Greetings

The avalanche of birthday greetings has, I think, pretty much come to an end. Well over a hundred well-wishings, mostly on Facebook (in several different locations), some in e-mail, and a few by phone — but, this year, for the first time ever in my adult life, not even one in mail, physical rather than electronic mail. Times change.

Greetings from people from all times of my life, from childhood on, and from all parts of my life. In many keys: charming, whimsical, artful, playful-sexy, thoughtful, and moving.

The cakealeidoscope. From Benita Bendon Campbell and her husband Ed, a kaleidoscopic animation of cakes, cookies, and sweet biscuits (from the Jacquie Lawson company). A still from the display:


(#1) Quick, Madeleine, the biscotti!

Anniversaries. BBC reminds me that it was 60 years ago this month (1959) that I turned up at Princeton’s Language Laboratory to take up a job as an assistant for maintaining the machines and there met Miss Daingerfield of the Language Lab, who oversaw distributing the tapes for language courses. Things went well; reader, she married me. (And through Ann I met her housemate Bonnie, who’s been a friend ever since.)

And then my sister-in-law Virginia reminds me that it was 50 years ago (1969) that I gave a talk at Ohio State and met Jacques Transue — and later that year was enticed from Illinois to OSU, and Jacques became my student. (And, some years later, my lover and then husband-equivalent.)

Then, at the end of that first year at OSU, my first male lover, now a retired professor, who has sent me sweet e-mail on my birthday.

Numerology. I noted that Danny — his pseudonym in my writing about my sexual life — also had a birthday coming up, in October. I wrote to him:

Ah, your birthday is creeping up upon us too: 72, an extremely factorable number (2^3 x 3^2), half a dozen dozen. [In contrast to my 79, which is a (sexy) prime.]

Meanwhile, we continue to approach one another in age ratio (the ratio of our age difference — 7 years — to my current age in years. When I was 29, this was 0.24; now that I’m 79, it’s down to 0.09, scarcely anything at all.

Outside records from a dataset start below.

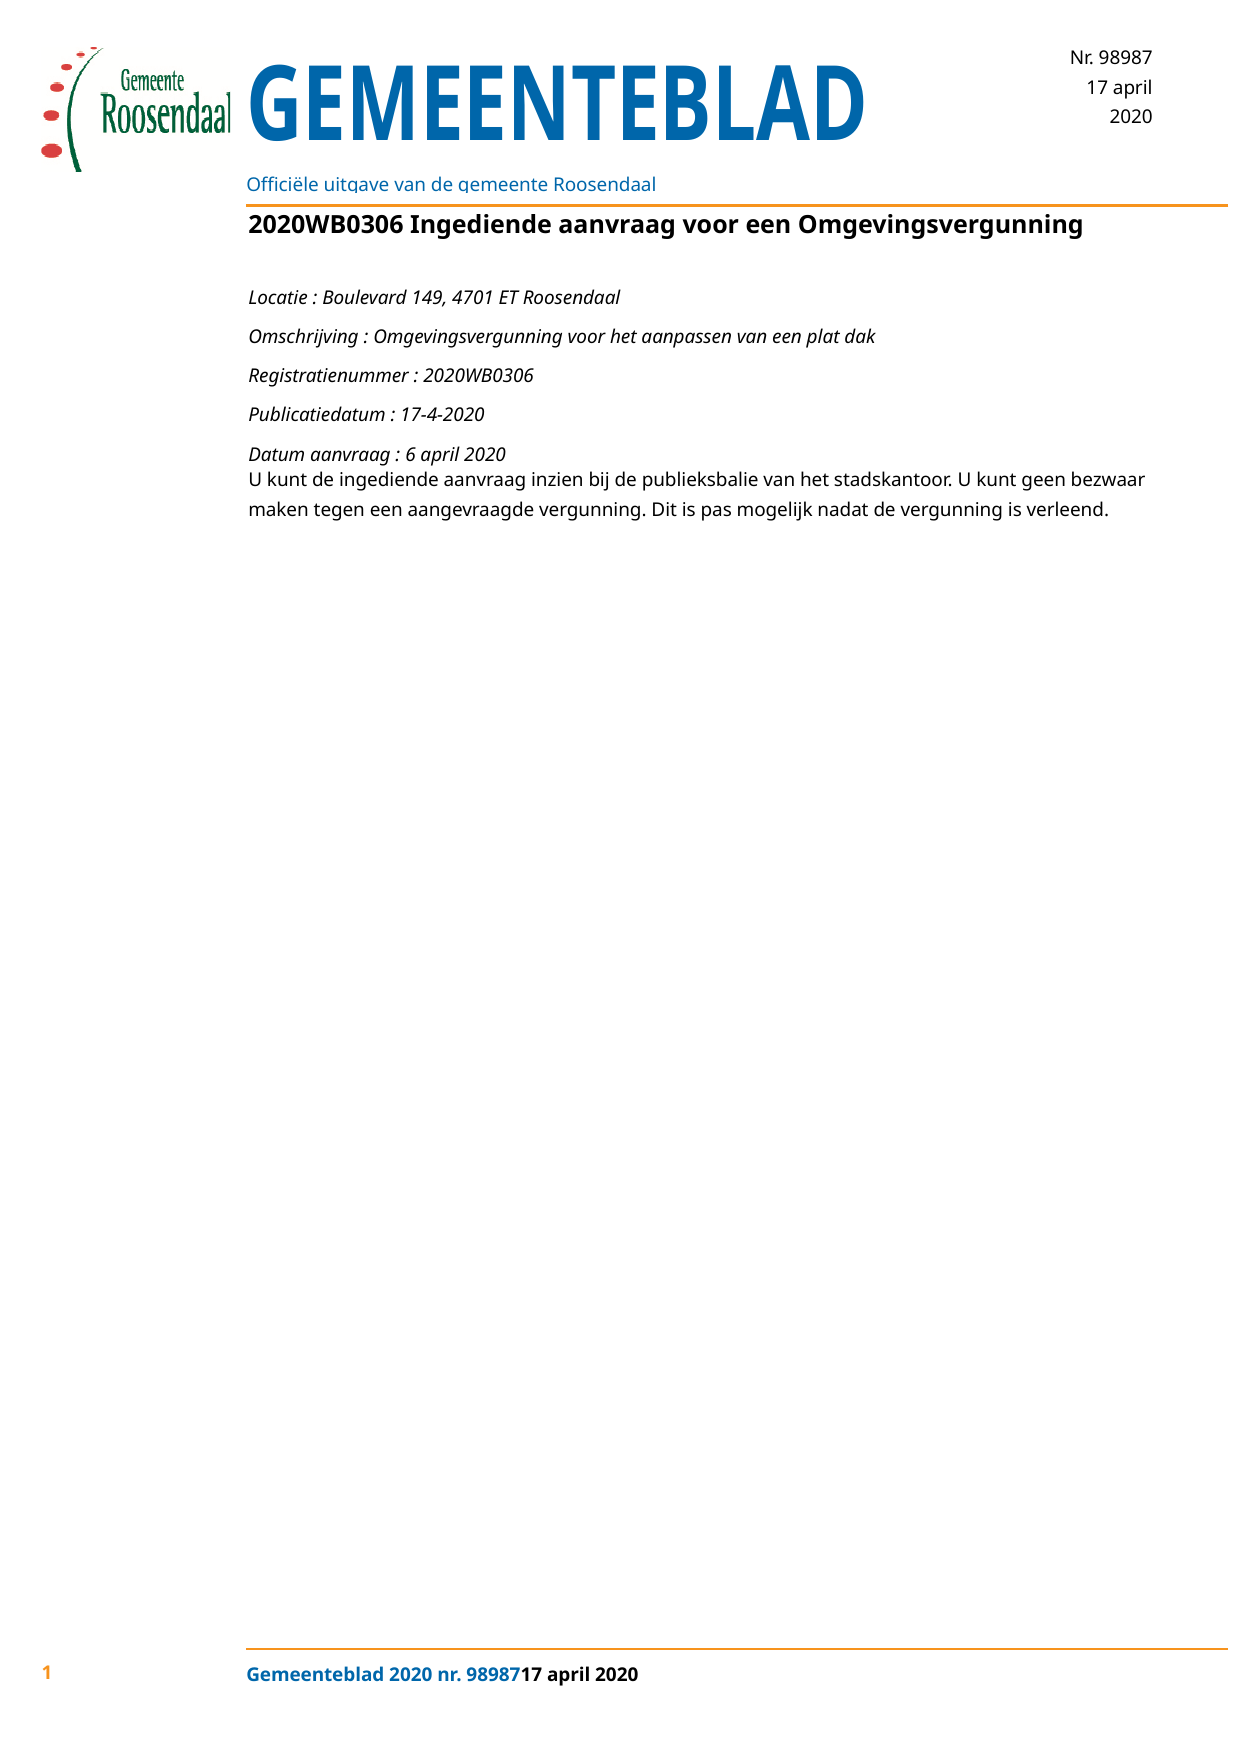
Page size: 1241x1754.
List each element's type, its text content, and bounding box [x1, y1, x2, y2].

text Datum aanvraag : 6 april 2020 [248, 441, 1152, 467]
picture [41, 47, 231, 172]
text Omschrijving : Omgevingsvergunning voor het aanpassen van een plat dak [248, 323, 1152, 349]
text Locatie : Boulevard 149, 4701 ET Roosendaal [248, 284, 1152, 309]
text Publicatiedatum : 17-4-2020 [248, 402, 1152, 427]
text U kunt de ingediende aanvraag inzien bij de publieksbalie van het stadskantoor. U kunt geen bezwaar maken tegen een aangevraagde vergunning. Dit is pas mogelijk nadat de vergunning is verleend. [248, 467, 1152, 522]
text 2020WB0306 Ingediende aanvraag voor een Omgevingsvergunning [248, 207, 1152, 241]
text Registratienummer : 2020WB0306 [248, 362, 1152, 388]
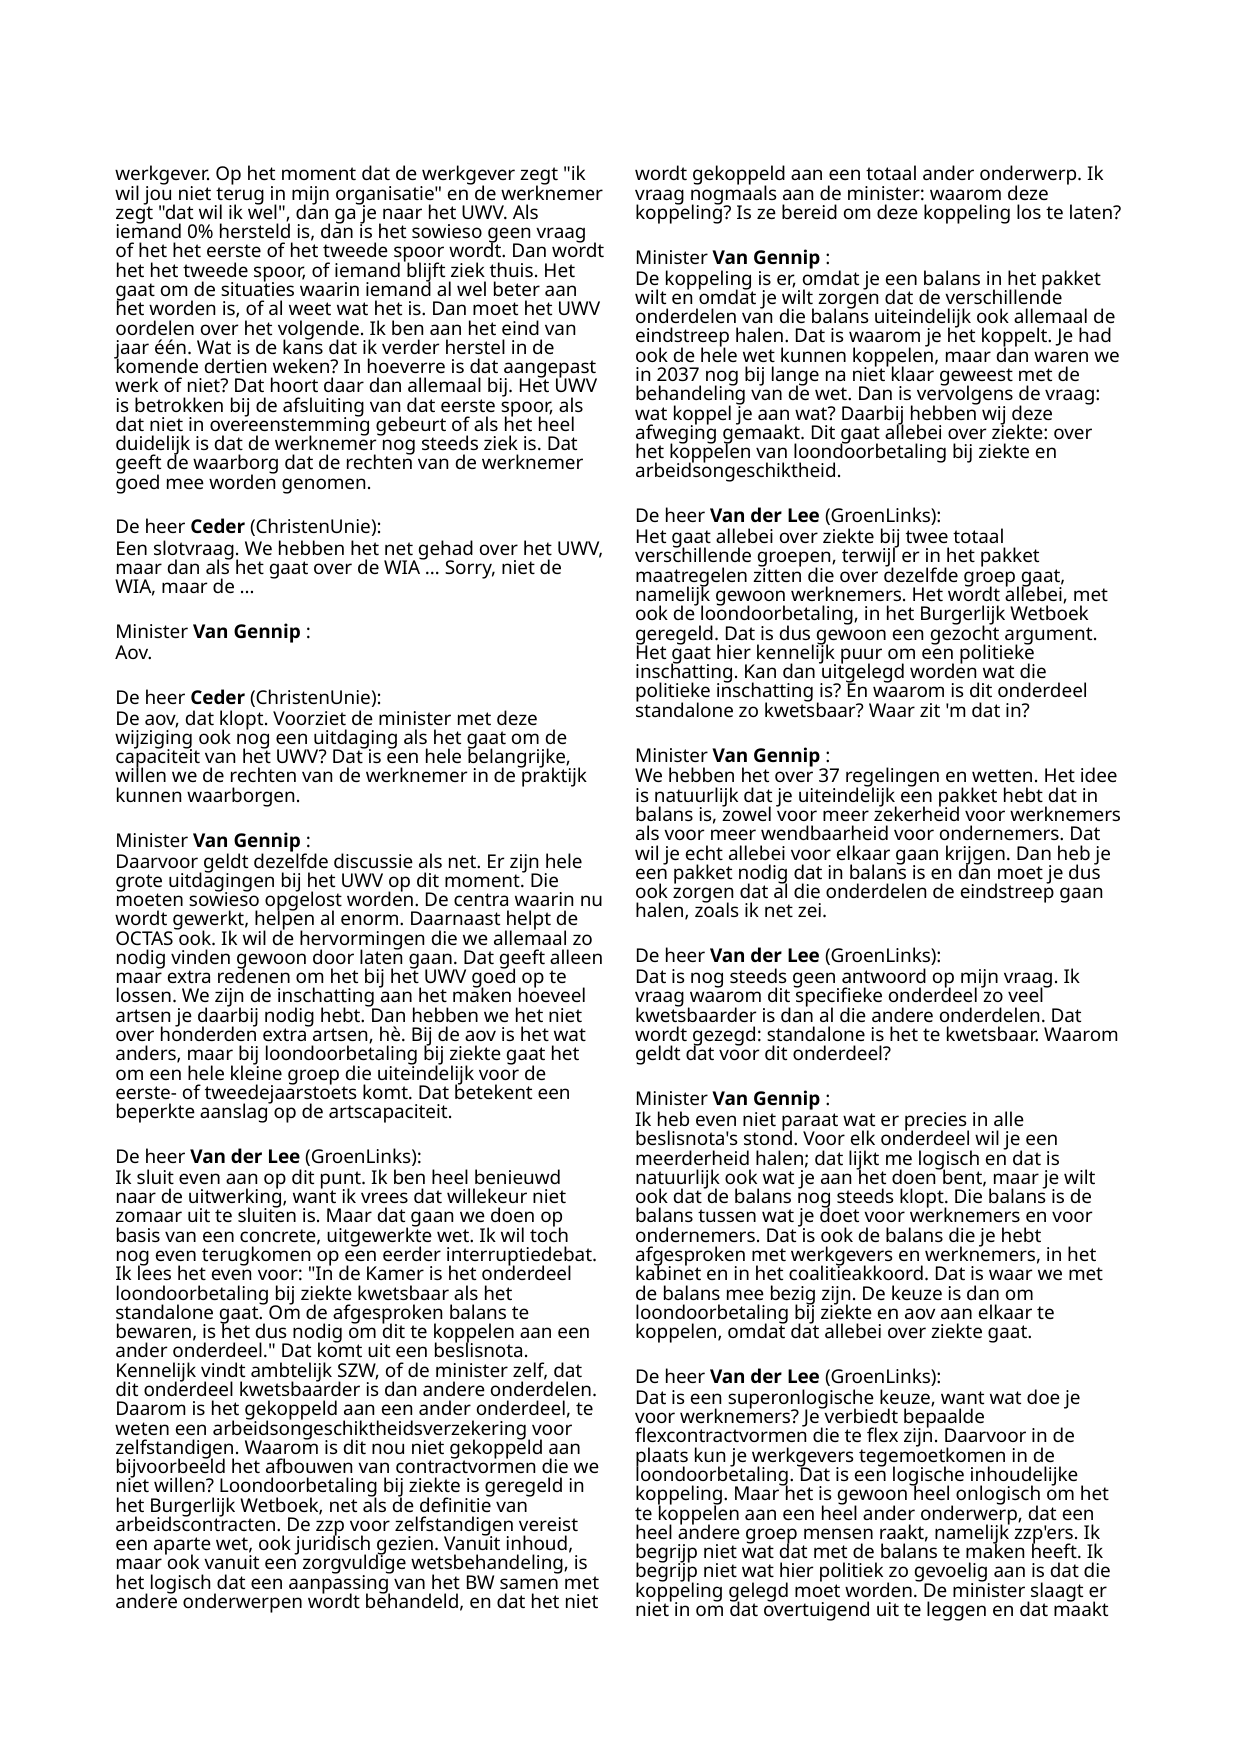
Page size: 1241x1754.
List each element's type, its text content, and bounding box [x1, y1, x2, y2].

(The difference was somewhat scandalous then, but now it’s negligible.)

Danny replied:

Yes, the age-difference ratio dwindles, which is nice.  On the expanding side, we’ve now participated in seven decades together, also nice.

Very careful choice of words: participate in TIME-SPAN together, rather than something like been together for TIME-SPAN, to indicate that we’ve gone through this time together as friends (though not, for many many years, as partners). Well, Danny’s a poet and a writer as well as a linguist, and he chooses his words carefully.

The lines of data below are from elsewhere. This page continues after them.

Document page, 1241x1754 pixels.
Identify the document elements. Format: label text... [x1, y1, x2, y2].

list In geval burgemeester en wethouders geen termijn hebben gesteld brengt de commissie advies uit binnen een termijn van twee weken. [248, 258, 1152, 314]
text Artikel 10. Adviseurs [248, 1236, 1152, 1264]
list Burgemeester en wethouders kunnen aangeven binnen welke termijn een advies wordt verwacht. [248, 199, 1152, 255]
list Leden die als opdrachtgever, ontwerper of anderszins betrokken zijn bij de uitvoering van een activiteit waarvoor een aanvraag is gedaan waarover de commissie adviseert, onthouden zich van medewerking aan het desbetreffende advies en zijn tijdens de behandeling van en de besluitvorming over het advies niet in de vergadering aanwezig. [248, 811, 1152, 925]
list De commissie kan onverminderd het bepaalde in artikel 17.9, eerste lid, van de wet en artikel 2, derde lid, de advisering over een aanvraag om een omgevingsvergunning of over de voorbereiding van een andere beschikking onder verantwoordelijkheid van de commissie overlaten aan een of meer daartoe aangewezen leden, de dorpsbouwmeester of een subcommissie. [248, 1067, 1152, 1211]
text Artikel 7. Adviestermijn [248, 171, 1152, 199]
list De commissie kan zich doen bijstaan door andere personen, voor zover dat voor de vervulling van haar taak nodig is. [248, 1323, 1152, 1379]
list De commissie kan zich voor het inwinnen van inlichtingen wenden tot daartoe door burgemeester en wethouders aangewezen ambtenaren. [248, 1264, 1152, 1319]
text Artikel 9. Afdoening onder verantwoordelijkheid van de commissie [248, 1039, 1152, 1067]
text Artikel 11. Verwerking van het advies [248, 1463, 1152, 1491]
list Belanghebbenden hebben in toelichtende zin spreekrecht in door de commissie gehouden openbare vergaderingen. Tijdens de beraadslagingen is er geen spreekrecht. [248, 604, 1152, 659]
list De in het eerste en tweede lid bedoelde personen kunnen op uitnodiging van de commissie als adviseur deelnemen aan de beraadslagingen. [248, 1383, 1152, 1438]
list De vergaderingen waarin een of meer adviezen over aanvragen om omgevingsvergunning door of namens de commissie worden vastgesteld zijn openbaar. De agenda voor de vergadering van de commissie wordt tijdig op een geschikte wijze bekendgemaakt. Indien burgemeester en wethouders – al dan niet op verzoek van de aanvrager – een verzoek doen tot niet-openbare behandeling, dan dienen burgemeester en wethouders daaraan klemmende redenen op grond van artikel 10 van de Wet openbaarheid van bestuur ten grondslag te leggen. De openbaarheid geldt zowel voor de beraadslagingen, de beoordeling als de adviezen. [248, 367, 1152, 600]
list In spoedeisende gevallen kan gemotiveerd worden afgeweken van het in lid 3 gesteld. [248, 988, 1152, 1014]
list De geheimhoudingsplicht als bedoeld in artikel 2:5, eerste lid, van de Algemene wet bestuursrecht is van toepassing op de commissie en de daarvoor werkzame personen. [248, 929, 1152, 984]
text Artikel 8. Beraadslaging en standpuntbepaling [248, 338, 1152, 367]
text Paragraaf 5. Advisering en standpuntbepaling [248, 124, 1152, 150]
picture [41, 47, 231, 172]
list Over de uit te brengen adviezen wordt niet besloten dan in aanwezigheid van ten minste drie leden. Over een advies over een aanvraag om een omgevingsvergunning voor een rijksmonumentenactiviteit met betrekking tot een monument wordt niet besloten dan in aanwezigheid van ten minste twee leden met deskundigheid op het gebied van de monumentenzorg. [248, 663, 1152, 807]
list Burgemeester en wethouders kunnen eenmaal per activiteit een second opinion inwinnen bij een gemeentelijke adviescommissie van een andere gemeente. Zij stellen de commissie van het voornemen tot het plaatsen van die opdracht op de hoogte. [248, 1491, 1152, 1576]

Sexy penguins. Vadim Temkin has made something of a specialty of creating birthday cards for me from digitally created images. This year’s delight:


(#2) Up against the wall, penguin-faker! (Vadim: “As usual, no penguins or people were harmed in the making of this image”)

The song of the sea turtles. Continuing the aquatic-creatures theme, this electronic card from Emily Rizzo:


(#3) Incorporating a theme from Emily’s life: she and her husband John work at protecting and nurturing hatching sea turtles on Florida’s Gulf coast

Birthdays of gloom. From Lisa Cohen, a note about a tradition in her Chicago Sacred Harp singing group, of singing gloomy songs as birthday songs. The 1991 Denson Sacred Harp has a fair number of ominous songs about frittering away your life in sin. Lisa suggested SH272 Exhortation (Second):


(#4) Oh my: “Behold the months come hast’ning on, / When you shall say, My joys are gone” (the melodic turns on “you shall say / My joys are gone” in the treble and tenor parts are especially pleasing)

As it happens, the Palo Alto group has no such tradition, but we have a singing today, and I propose to lead both SH79 “The Old Ship of Zion” (discussed in my previous birthday posting) — a 19th-century camp-meeting shouting song — and the grimly monitory SH272.

One Response to “Greetings”

  1. arnold zwicky Says:

    I did indeed lead both 79 and 272, and others chose suitably gloomy songs in my honor. Plus 285t Arnold, which begins “Come, let us join our friends above / That have obtained the prize; / And on the eagle wings of love / To joy celestial rise.” I somehow hadn’t noticed the “eagle wings” — potentially relevant because Arnold is etymologically ‘eagle-strong’ (English erne ‘sea-eagle’). Maybe just a fortunate accident, maybe on purpose; I’ll need to look at some sources.